Who Qualifies For Disability Benefits?
Social Security disability benefits are not paid for partial or short-term disabilities. You may qualify for benefits if you are under 65 and:
- You are unable to do your work or any other work due to your medical condition;
- The disability is expected to last at least a year or result in your death; and
- You have sufficient work credits for your age.
If you have access to workers’ compensation, insurance, savings and investments you may not qualify for disability benefits. When you turn 65, disability benefits convert to retirement benefits.
What Are Work Credits?
To receive benefits you must have earned sufficient work credits over a predetermined number of years. You earn a maximum of four work credits a year. If you become disabled when you are 24, you must have earned six credits over the past three years. If you are 50, you will need to have earned 20 credits over the past 10 years.

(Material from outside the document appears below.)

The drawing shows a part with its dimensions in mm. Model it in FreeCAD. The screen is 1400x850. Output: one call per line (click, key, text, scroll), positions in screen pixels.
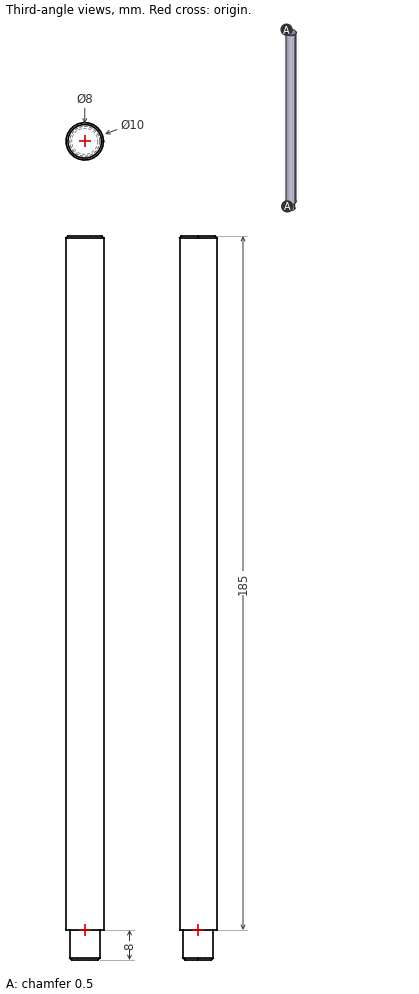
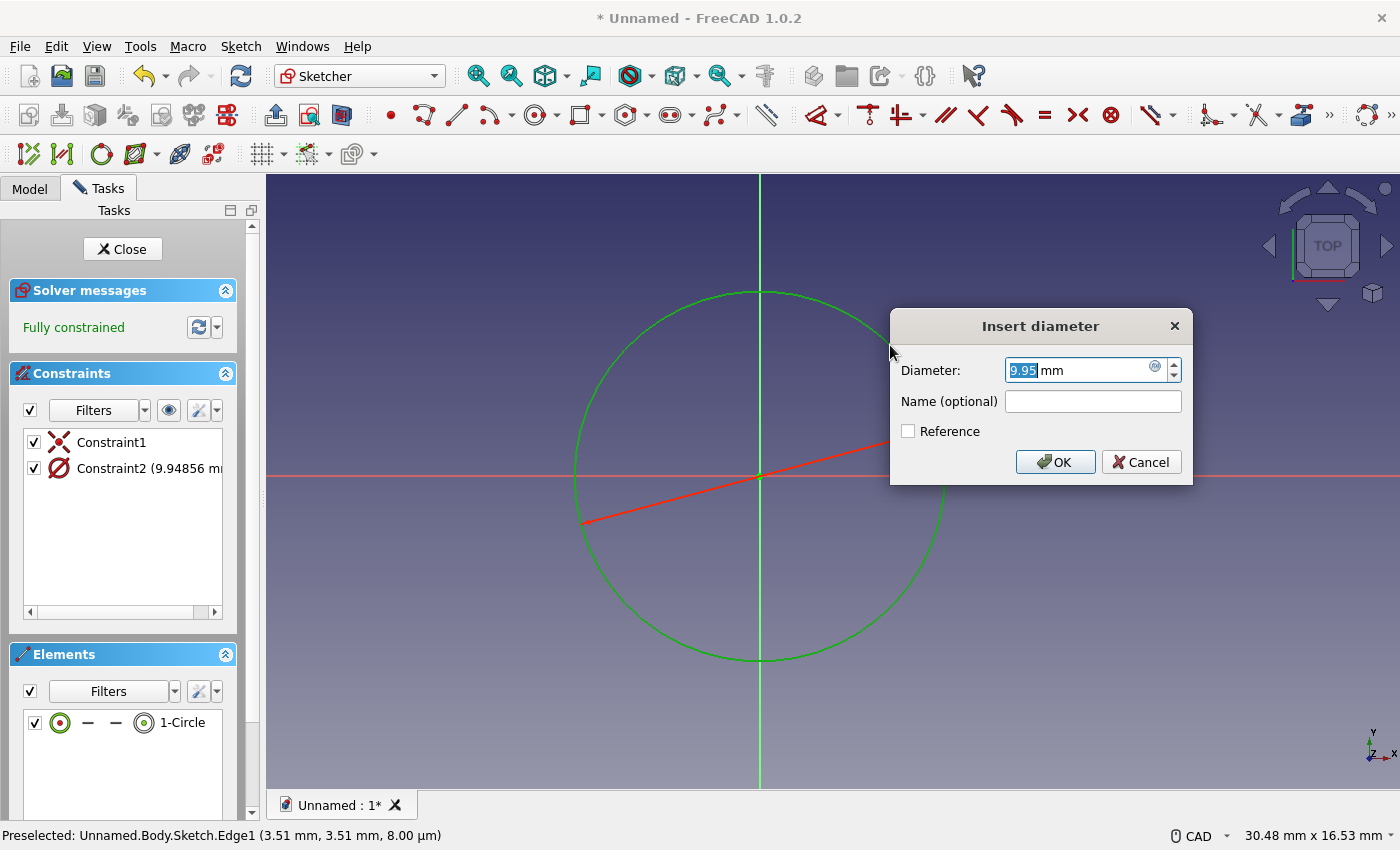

Can Other Family Members Qualify For Benefits On My Record?
Members of your family may be entitled to benefits. Factors that determine a family member’s eligibility include: if they are a minor; if a spouse is caring for a child under 16; and if they are disabled.
How Does The Social Security Administration Determine If I Am Disabled?

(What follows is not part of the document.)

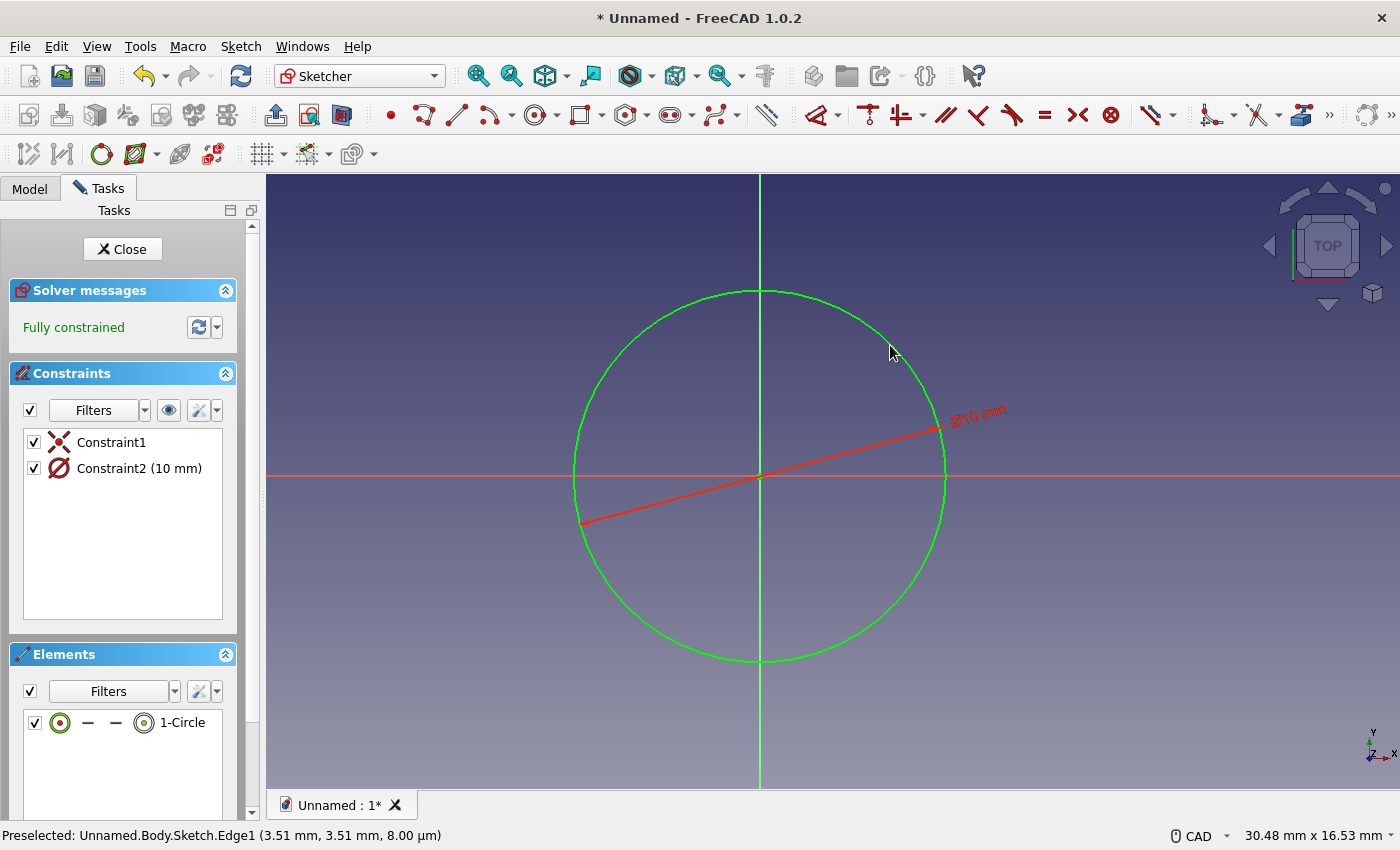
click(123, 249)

Once it is determined that you have enough work credits, your case is reviewed. Officials will examine your medical reports and may request an additional examination. If it is determined that you cannot work because of your condition, you will be approved for benefits.
How Long Will My Benefits Continue?
Your case will be periodically reviewed to see if you are still disabled. As long as you are disabled your benefits will continue unless your income increases to over $800 per month.
Do I Need A Lawyer?
An attorney is not required, but an attorney or a claimant’s representative experienced with Social Security benefits and regulations can help you submit your claim. If you are having a problem obtaining your benefits, a professional service provider can help prepare and file an appeal. A lawyer or a non-attorney representative can also determine if a family member is eligible for benefits because of your disability.